The reverse stock split was approved by the Company's Board of Directors in accordance with the Nevada Revised Statutes on February 20, 2026. As of the effective time of the reverse stock split, the authorized shares of Class A common stock and Class B common stock will be reduced from 50,000,000 shares of Class A common stock to 1,000,000 shares of Class A common stock and 2,000,000,000 shares of Class B common stock to 40,000,000 shares of Class B common stock. As a result of the reverse split, the number of outstanding shares of Class A common stock as of March 4, 2026 would be reduced from 6,535,014 to 130,700 and the number of outstanding shares of Class B common stock as of March 4, 2026 would be reduced from 54,886,572 to 1,097,731.
As a result of the reverse stock split, the number of shares of common stock available for issuance under the Company's equity incentive plans immediately prior to the reverse stock split will be proportionately reduced. In addition, the exercise prices of and number of shares subject to the Company's outstanding warrants, and the conversion prices of the Company's outstanding convertible securities, will likewise be proportionately adjusted in accordance with their respective terms.

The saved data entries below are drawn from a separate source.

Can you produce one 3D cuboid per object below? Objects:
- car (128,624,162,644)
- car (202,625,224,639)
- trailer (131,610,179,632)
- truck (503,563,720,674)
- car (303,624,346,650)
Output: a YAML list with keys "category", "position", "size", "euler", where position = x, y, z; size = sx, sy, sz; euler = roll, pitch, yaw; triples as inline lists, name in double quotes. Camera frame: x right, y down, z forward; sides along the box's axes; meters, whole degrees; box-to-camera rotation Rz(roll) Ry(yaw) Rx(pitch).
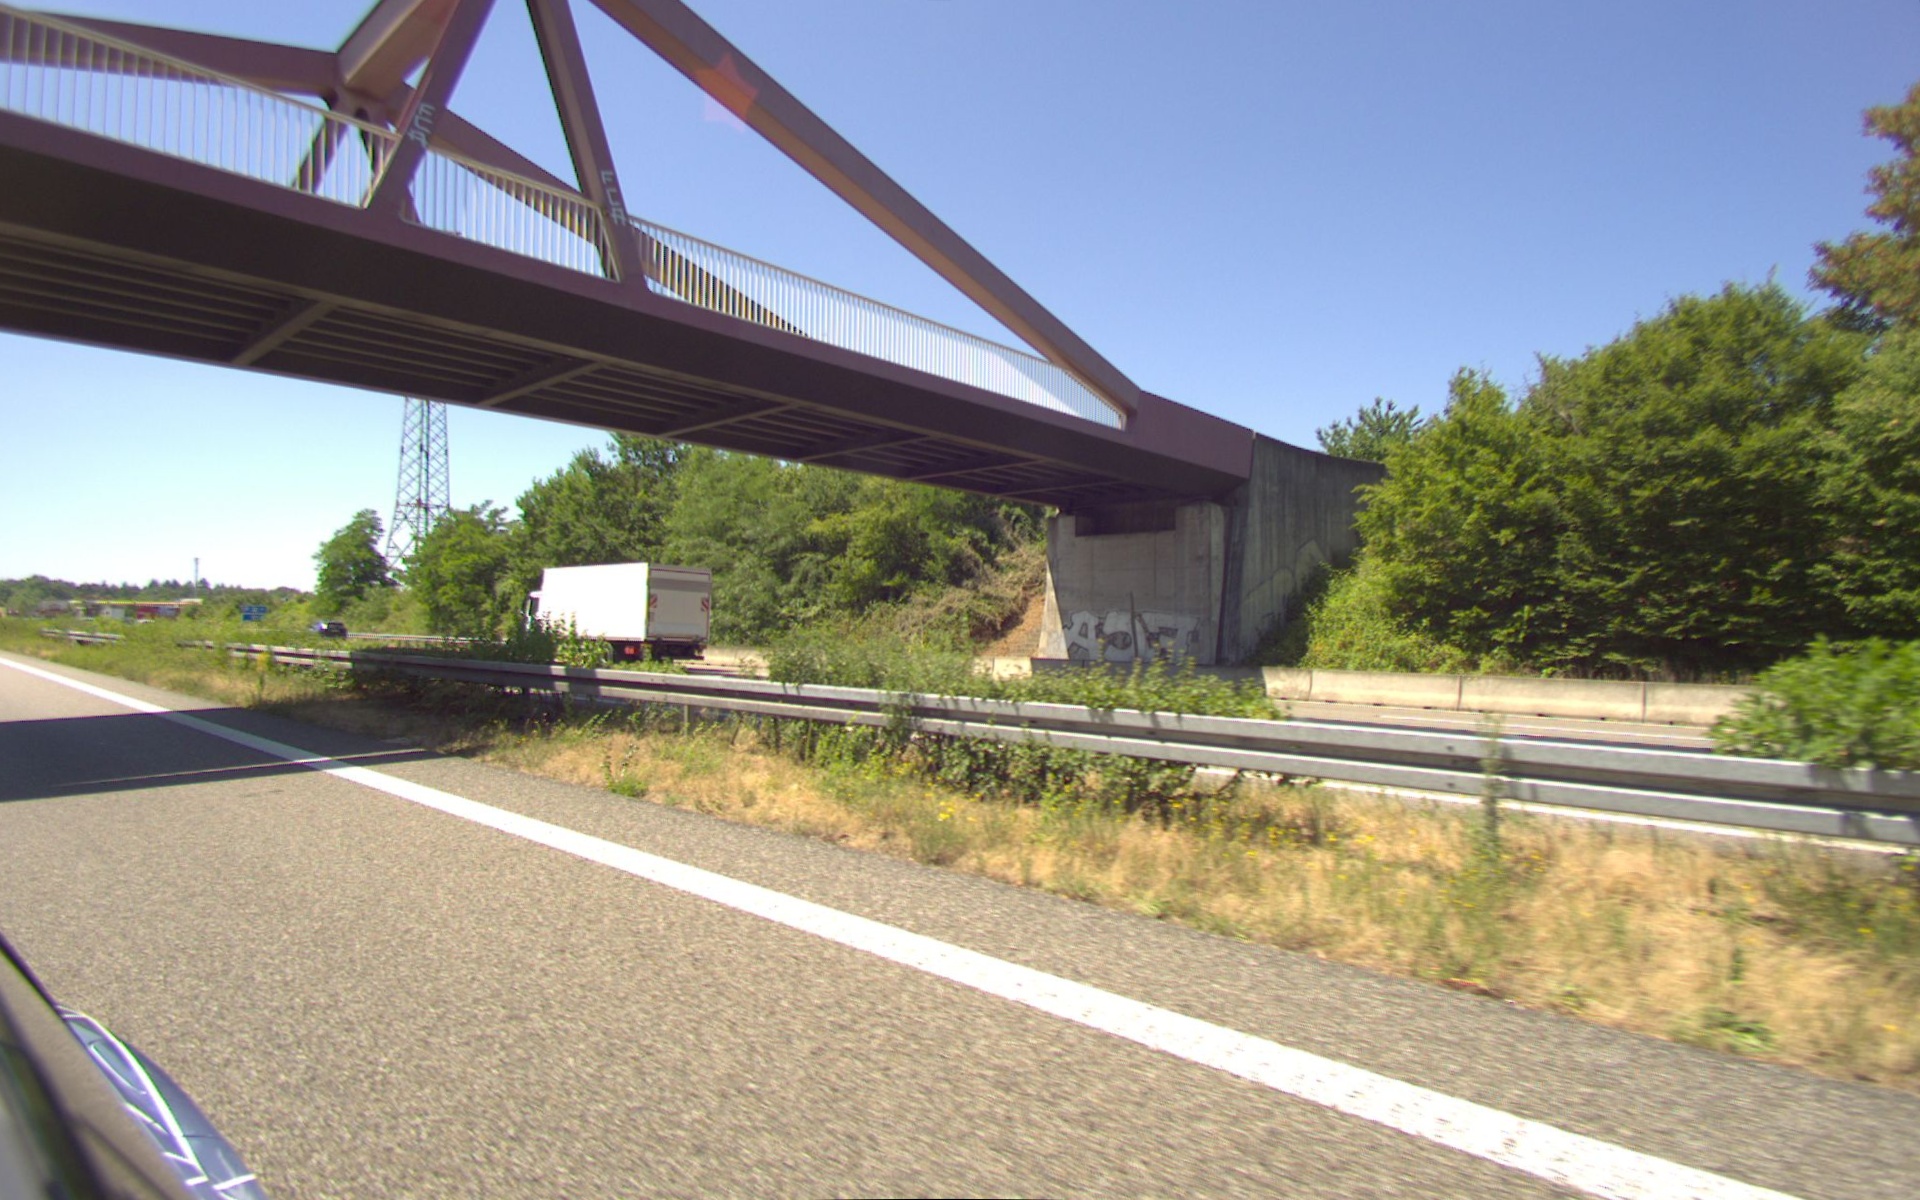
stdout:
- category: "car"
  position: [-77.118, 3.205, 95.761]
  size: [4.255, 1.851, 1.784]
  euler: [-1, 0, 41]
- category: "car"
  position: [-86.444, 3.708, 117.144]
  size: [3.362, 1.625, 1.359]
  euler: [-1, 0, 42]
- category: "trailer"
  position: [-159.007, 4.184, 200.005]
  size: [3.078, 4.086, 11.345]
  euler: [-1, 0, -15]
- category: "truck"
  position: [-12.953, 0.750, 36.920]
  size: [10.184, 3.564, 2.778]
  euler: [-1, -4, 41]
- category: "car"
  position: [-47.409, 2.721, 75.477]
  size: [4.403, 1.781, 1.682]
  euler: [-1, 0, 43]

No fractional shares of common stock will be issued in connection with the reverse stock split. Stockholders that would hold a fractional share of common stock as a result of the reverse stock split will have such fractional shares of common stock rounded up to the nearest whole share of common stock.
The new CUSIP number for the Class B common stock following the reverse stock split is 182744 201.
About Classover
Classover Holdings Inc. (NASDAQ:KIDZ) is a pioneering AI EdTech company transforming vast live teaching experience into proprietary, AI-powered learning systems. By integrating artificial intelligence with blockchain verification, Classover is building the next generation of global education infrastructure-making learning outcomes measurable, verifiable, and borderless.

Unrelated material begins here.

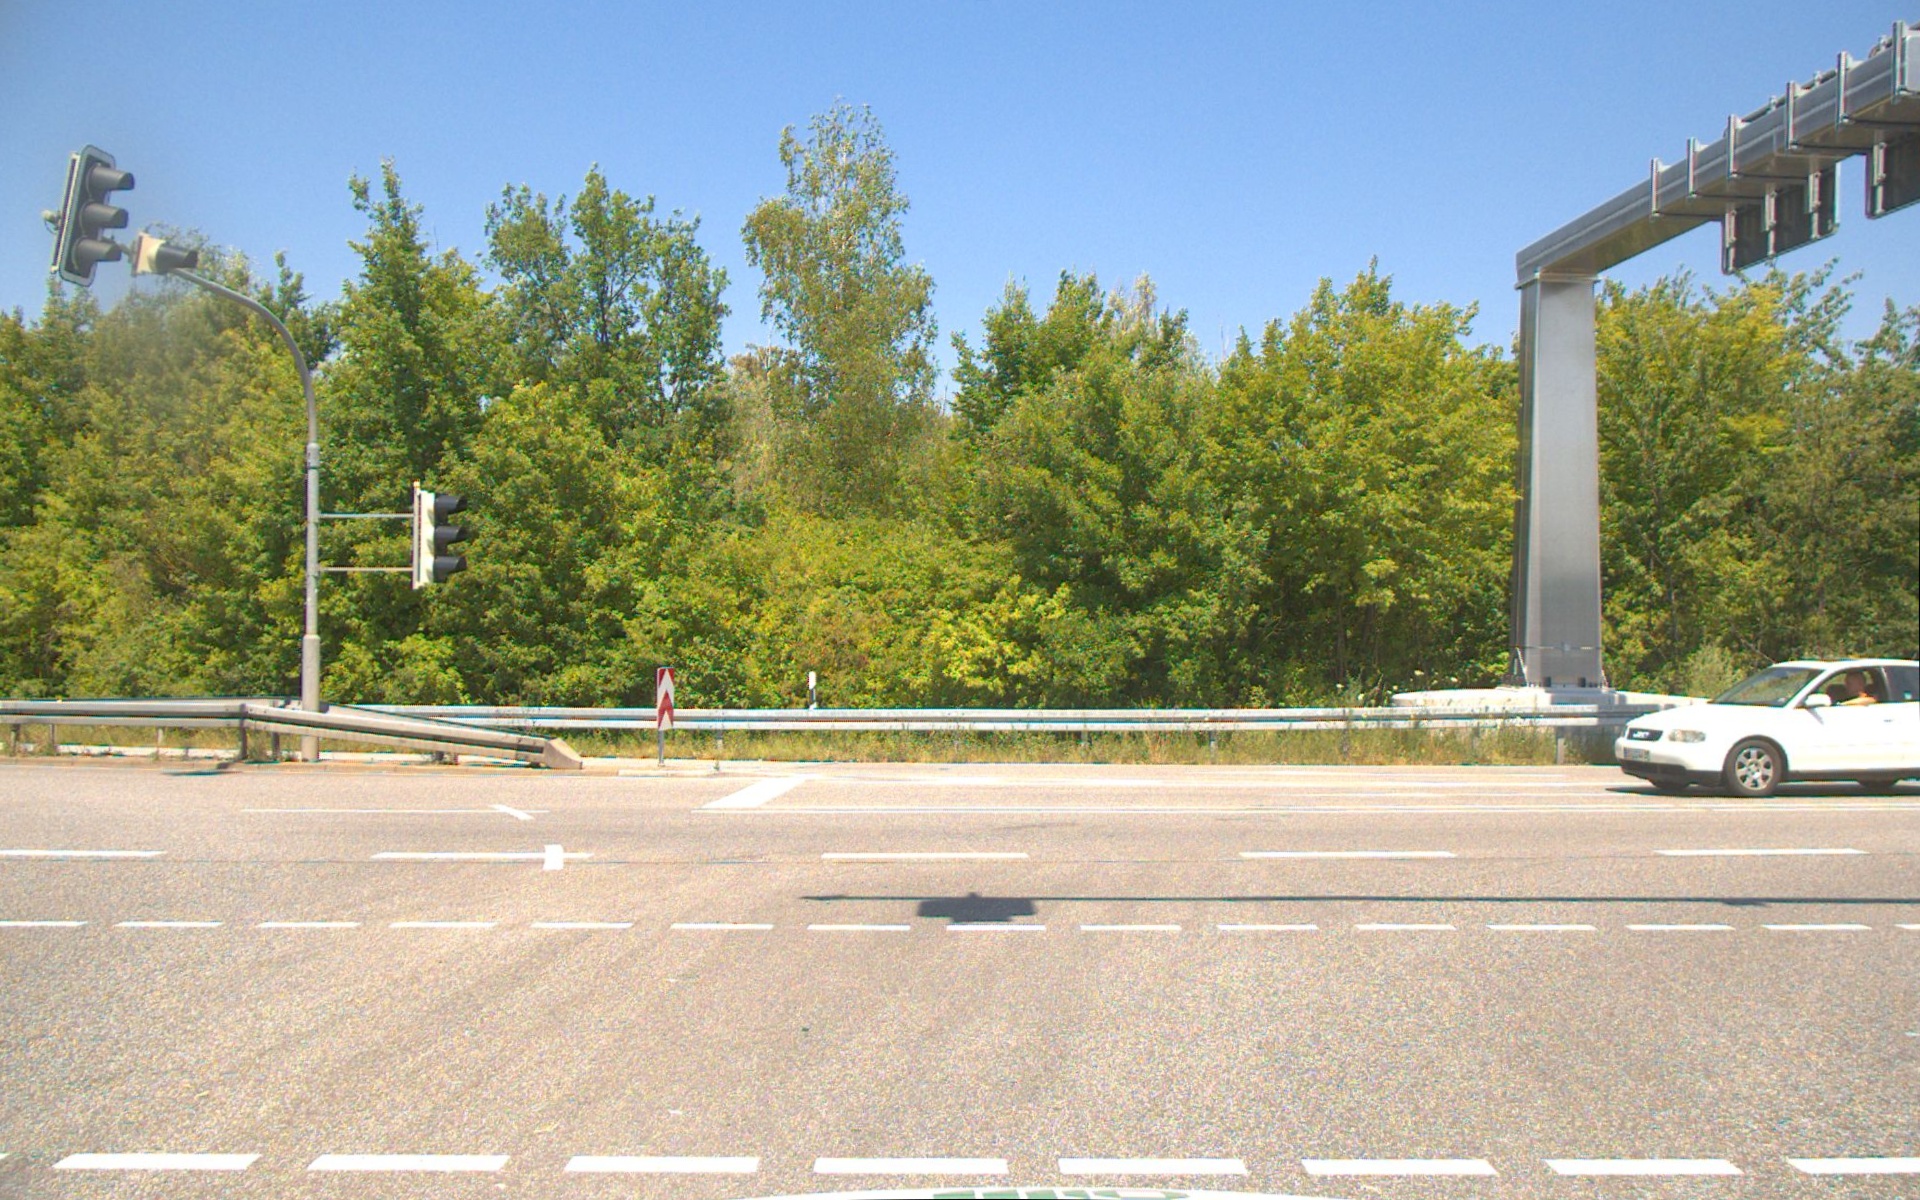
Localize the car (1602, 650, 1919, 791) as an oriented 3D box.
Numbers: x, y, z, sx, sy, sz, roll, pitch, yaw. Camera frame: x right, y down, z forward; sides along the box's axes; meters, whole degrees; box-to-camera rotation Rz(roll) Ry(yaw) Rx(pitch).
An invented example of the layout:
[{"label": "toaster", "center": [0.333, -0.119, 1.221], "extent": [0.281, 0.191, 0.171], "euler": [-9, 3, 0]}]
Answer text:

Forward-Looking Statements
This press release contains "forward-looking statements" within the meaning of the safe harbor provisions of the U.S. Private Securities Litigation Reform Act of 1995. Forward-looking statements are neither historical facts nor assurances of future performance. Instead, they are based only on Classover's current beliefs, expectations and assumptions regarding the future of Classover's business, future plans and strategies, projections, anticipated events and trends, the economy and other future conditions. Because forward-looking statements relate to the future, they are subject to inherent uncertainties, risks and changes in circumstances that are difficult to predict and many of which are outside of Classover's control including, but not limited to: Classover's ability to execute its business model, including obtaining market acceptance of its products and services; the risk that the price of SOL, which has historically been subject to dramatic price fluctuations and is highly volatile, could fall substantially negatively impacting Classover's financial condition and results of operations; Classover's financial and business performance, including financial projections and business metrics and any underlying assumptions thereunder; Classover's ability to maintain the listing of its securities on Nasdaq; changes in Classover's strategy, future operations, financial position, estimated revenue and losses, projected costs, prospects and plans; Classover's ability to attract and retain a large number of customers; Classover's future capital requirements and sources and uses of cash; regulatory changes related to crypto assets; fluctuations in the price of crypto assets; risks related to the custody of crypto assets, including security risks; Classover's ability to attract and retain key personnel; Classover's expectations regarding its ability to obtain and maintain intellectual property protection and not infringe on the rights of others; changes in applicable laws or regulations; and the possibility that Classover may be adversely affected by other economic, business, and/or competitive factors. These risks and uncertainties also include those risks and uncertainties indicated in Classover's filings with the SEC. Classover's actual results and financial condition may differ materially from those indicated in the forward-looking statements. Therefore, you should not rely on any of these forward-looking statements.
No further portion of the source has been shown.